Я поплыл, я хотел схватить простыню и воткнуть ее на утесе среди моря, где было железное кольцо, где я часто отдыхал, пугая чаек, – поднять знамя Хлебникова, чтобы оно веяло там, грозное и черное, первое на земном шаре,
прекрасное в своем ужасе. <Я пел песни войны сурового будетлянского воина.><…>
А эта осень в Куоккале, финской деревушке, где из столетних сосен <свисают острые груди ведьм!>. Нелепые разговоры о природе водопада, перед которым, разинув рты, стояли черноглазые мальчики русских деревень, предводимые учителем. И <рядом> черное море с врезавшимися в него серыми каменными беседками немецких дач, о которых шептались: «Это полы для немецких пушек».

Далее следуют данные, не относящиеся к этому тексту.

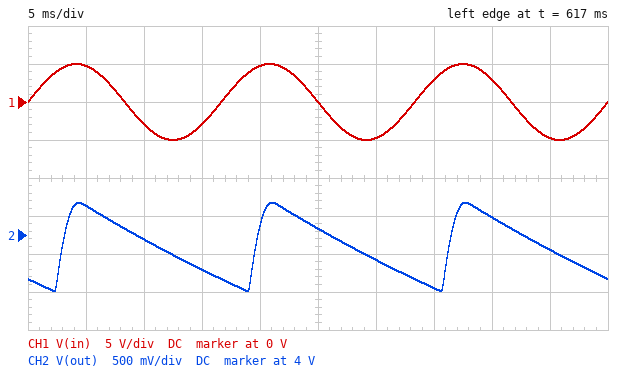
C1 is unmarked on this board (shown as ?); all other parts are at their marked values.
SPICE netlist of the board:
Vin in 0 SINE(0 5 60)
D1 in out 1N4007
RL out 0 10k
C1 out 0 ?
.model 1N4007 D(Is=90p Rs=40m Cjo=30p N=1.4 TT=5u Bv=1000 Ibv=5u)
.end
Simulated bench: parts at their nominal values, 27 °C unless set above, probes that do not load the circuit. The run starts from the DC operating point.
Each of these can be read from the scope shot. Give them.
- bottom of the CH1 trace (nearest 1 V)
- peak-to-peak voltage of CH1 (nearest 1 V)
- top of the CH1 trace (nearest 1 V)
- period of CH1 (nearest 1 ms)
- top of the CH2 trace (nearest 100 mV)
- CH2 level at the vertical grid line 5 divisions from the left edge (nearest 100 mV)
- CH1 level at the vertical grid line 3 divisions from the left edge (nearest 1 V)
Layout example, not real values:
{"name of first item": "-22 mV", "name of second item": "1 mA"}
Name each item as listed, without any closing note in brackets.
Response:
{"bottom of the CH1 trace": "-5 V", "peak-to-peak voltage of CH1": "10 V", "top of the CH1 trace": "5 V", "period of CH1": "17 ms", "top of the CH2 trace": "4.4 V", "CH2 level at the vertical grid line 5 divisions from the left edge": "4.1 V", "CH1 level at the vertical grid line 3 divisions from the left edge": "-3 V"}
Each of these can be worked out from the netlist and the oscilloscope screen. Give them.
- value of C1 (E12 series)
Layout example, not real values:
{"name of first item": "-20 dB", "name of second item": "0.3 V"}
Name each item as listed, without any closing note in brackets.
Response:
{"value of C1": "4.7 µF"}
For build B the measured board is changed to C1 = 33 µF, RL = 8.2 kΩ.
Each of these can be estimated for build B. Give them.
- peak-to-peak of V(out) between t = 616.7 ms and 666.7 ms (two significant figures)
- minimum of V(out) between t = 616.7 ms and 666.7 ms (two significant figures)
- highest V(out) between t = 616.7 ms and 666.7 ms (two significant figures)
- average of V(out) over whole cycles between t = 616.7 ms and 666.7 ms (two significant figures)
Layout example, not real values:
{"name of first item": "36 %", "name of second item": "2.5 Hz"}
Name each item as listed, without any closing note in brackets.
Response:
{"peak-to-peak of V(out) between t = 616.7 ms and 666.7 ms": "240 mV", "minimum of V(out) between t = 616.7 ms and 666.7 ms": "4.1 V", "highest V(out) between t = 616.7 ms and 666.7 ms": "4.4 V", "average of V(out) over whole cycles between t = 616.7 ms and 666.7 ms": "4.3 V"}
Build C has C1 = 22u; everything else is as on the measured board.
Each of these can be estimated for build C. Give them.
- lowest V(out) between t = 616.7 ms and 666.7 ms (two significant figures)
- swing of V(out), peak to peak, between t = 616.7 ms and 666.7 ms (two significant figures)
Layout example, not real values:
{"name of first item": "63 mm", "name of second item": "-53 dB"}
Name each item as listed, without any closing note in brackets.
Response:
{"lowest V(out) between t = 616.7 ms and 666.7 ms": "4.1 V", "swing of V(out), peak to peak, between t = 616.7 ms and 666.7 ms": "290 mV"}
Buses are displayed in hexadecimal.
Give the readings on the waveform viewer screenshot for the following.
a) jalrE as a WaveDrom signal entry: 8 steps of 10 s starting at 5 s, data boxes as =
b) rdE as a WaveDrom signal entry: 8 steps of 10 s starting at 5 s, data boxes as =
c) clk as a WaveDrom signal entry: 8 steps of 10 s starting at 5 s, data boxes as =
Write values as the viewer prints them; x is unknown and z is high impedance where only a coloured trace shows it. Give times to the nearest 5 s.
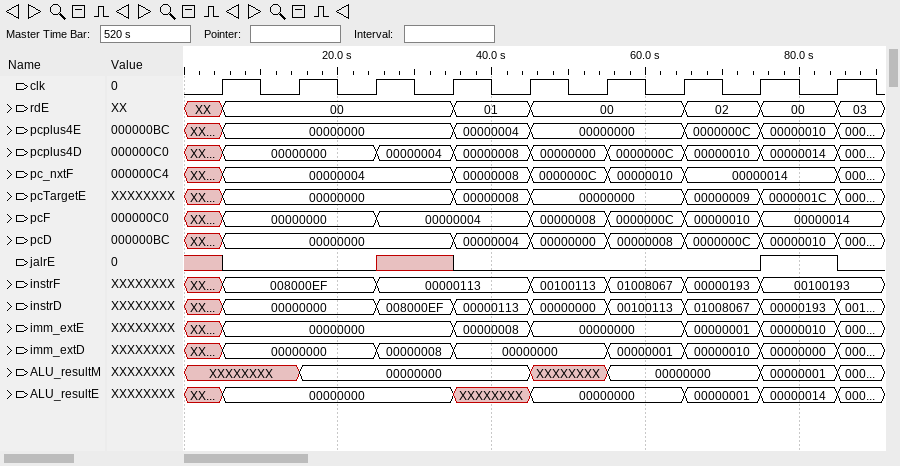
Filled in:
{name: 'jalrE', wave: '0.x0...1'}
{name: 'rdE', wave: '=..==.==', data: '00 01 00 02 00'}
{name: 'clk', wave: 'p.......'}
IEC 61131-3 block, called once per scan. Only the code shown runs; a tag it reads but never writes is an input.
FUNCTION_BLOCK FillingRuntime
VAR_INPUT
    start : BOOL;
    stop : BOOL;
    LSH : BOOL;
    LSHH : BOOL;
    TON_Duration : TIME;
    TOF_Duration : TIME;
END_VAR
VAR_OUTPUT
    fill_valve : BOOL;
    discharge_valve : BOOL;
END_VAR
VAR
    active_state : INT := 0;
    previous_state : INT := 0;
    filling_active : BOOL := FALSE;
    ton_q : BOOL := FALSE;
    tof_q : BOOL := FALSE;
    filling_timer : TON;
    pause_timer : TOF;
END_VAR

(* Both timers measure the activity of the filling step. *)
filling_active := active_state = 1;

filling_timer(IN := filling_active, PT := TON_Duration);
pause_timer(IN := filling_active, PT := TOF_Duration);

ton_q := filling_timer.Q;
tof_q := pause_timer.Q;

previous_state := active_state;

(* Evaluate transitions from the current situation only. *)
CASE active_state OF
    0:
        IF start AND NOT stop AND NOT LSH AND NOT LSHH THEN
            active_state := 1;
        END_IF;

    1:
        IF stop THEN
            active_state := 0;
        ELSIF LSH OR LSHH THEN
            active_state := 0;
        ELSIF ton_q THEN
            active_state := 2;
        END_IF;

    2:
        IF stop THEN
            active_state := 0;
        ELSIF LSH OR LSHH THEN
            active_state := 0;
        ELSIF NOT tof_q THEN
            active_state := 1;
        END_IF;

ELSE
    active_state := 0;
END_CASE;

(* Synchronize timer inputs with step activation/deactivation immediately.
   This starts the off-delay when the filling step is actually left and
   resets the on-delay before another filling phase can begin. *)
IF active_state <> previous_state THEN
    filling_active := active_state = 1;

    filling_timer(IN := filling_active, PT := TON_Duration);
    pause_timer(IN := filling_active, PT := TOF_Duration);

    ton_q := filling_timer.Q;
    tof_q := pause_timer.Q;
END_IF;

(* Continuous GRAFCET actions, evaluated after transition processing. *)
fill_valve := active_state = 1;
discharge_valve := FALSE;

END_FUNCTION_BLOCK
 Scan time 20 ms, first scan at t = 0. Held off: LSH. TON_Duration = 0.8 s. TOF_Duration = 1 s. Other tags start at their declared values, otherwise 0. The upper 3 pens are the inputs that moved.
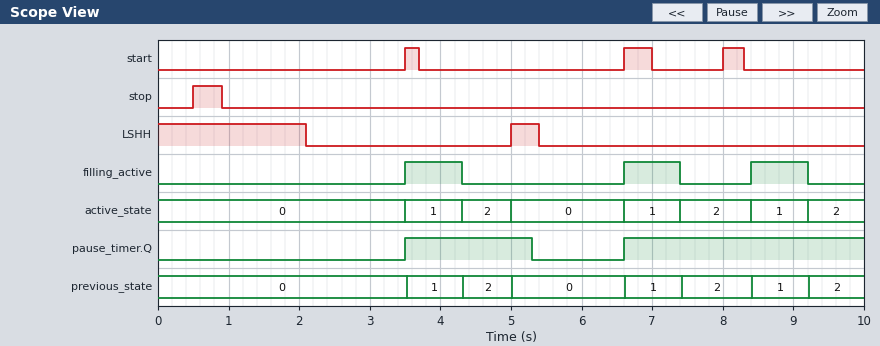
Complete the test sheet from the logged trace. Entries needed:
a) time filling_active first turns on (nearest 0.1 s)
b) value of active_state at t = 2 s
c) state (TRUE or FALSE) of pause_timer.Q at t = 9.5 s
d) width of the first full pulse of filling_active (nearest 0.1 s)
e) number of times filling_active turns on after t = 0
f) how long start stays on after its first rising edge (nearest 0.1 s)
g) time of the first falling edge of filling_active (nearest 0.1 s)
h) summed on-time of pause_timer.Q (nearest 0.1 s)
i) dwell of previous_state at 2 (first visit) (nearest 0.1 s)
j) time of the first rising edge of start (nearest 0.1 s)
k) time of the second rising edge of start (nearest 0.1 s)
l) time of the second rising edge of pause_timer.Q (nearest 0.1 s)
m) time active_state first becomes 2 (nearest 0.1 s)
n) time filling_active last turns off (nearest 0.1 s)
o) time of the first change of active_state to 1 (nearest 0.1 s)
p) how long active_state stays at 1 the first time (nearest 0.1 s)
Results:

Я вас не забуду – очень желтые яркие цветы ненавистью отравленных глаз на вымерших дачах. И прыжки обратного пути по камням, вечером, около брызг и пены. И тихое присутствие человека за стенами вымершей, казалось, дачи, его удары сердца в молчаливом переулке… ведь это во время войны.
Эта сумасшедшая осень гибели царей великой страны в маленьком уголке перед основной крепостью столицы, затаенн<ом> в морской луже.
Вы идете мимо деревянных сеток рыбака из прутьев ивы, вы слышите удары сердца того, кто наблюдает за вами оттуда, и точно мяч, пойманный в игру <не>людских юношей (приморских камней), прыгаете из одной каменной ладони в другую, то падая, то взлетая, испытывая толчки <каменных игроков в лапту>.
А вы видели две толстые медные проволоки, перевязанные третьей? И я перевязал проволокой моего лета два устья – Невы и Волги. Я и море – мы соединили свои голоса, и я пропел «Разина», может быть, первый на этом берегу, шагая по пятнам камней.
А Евреинов! Вы помните, его писал Бобышов – гладкие средневековые волосы (<в Евреинове написано Средневековье, как пишут часовни за холмом>), его знаменитый деревянный ворон. И байеньки Каменского в исполнении толстой Блиновой, дикарки с очень теплым, пушистым взглядом.
Песок.
Ну кто он?
[Эти дачные поселки, эти отгороженные забором] людские кустарники, где люди, цветы и листья на чешуйчатых ветках из рубля или копейки [человеческие трепещущие листья, протянутые к Богу] – какими бы веселыми ногами побежали вы друг к другу, как бы рассмеялись эти два цветка с парой < не > людских глаз <!> Но нет, их разделила серебряная ветка и держит поодаль и тянет в сторону, и они бросают небу столько скорби в тугих воротничках молчания… Знайте, их много, их много, невольников серебряной ветки!
<…>
19 октября 1915. Я снова у N. [Веры Б.]. Я сижу рядом с ней. Какое счастье! Чернов тоже. «Это хорошо сидеть рядом с невестой, скоро женитесь», – заметила госпожа Б.
Как, Вера – невеста? А я и не знал. Новое горе. Признаюсь, я почувствовал жгучие слезы в горле.
Кругом внимательные изучающие люди.
Но, может быть, хорошо, что она незамужняя. Вера грустна и строга. На коленях ее черная повязка – знак печали. О ком?
Она сидела против меня, неловко положив ногу на ногу, и курила. На ней вязаная желтая рубашка для ходьбы на лыжах. И вся она хрупкая, грустная, утомленная. Она курила и какая-то трогательная неловкость была в ее руках. Я слишком упорно посмотрел на нее, и она неловко поправила край платья.
Говорили о погромах. «И нас будут громить», – сказала она, куря. И северная воздушность, и голубые глаза, грустная, утомленная, почти обреченная, и твердый взгляд, и усталость после перевязки ран, – ведь она сестра милосердия.
«Вера-невеста», – я заплакал мысленно, как обиженный котенок.
Вера сказала: «Пойти, разве, на войну?» Она налила мне вина. «Можно? – спросила. – Курите, курить – мужественно!» – заметила она. У ней много простоты и оттенок суровости. Она немного холодна и жестока. Она рассказывала про охоту.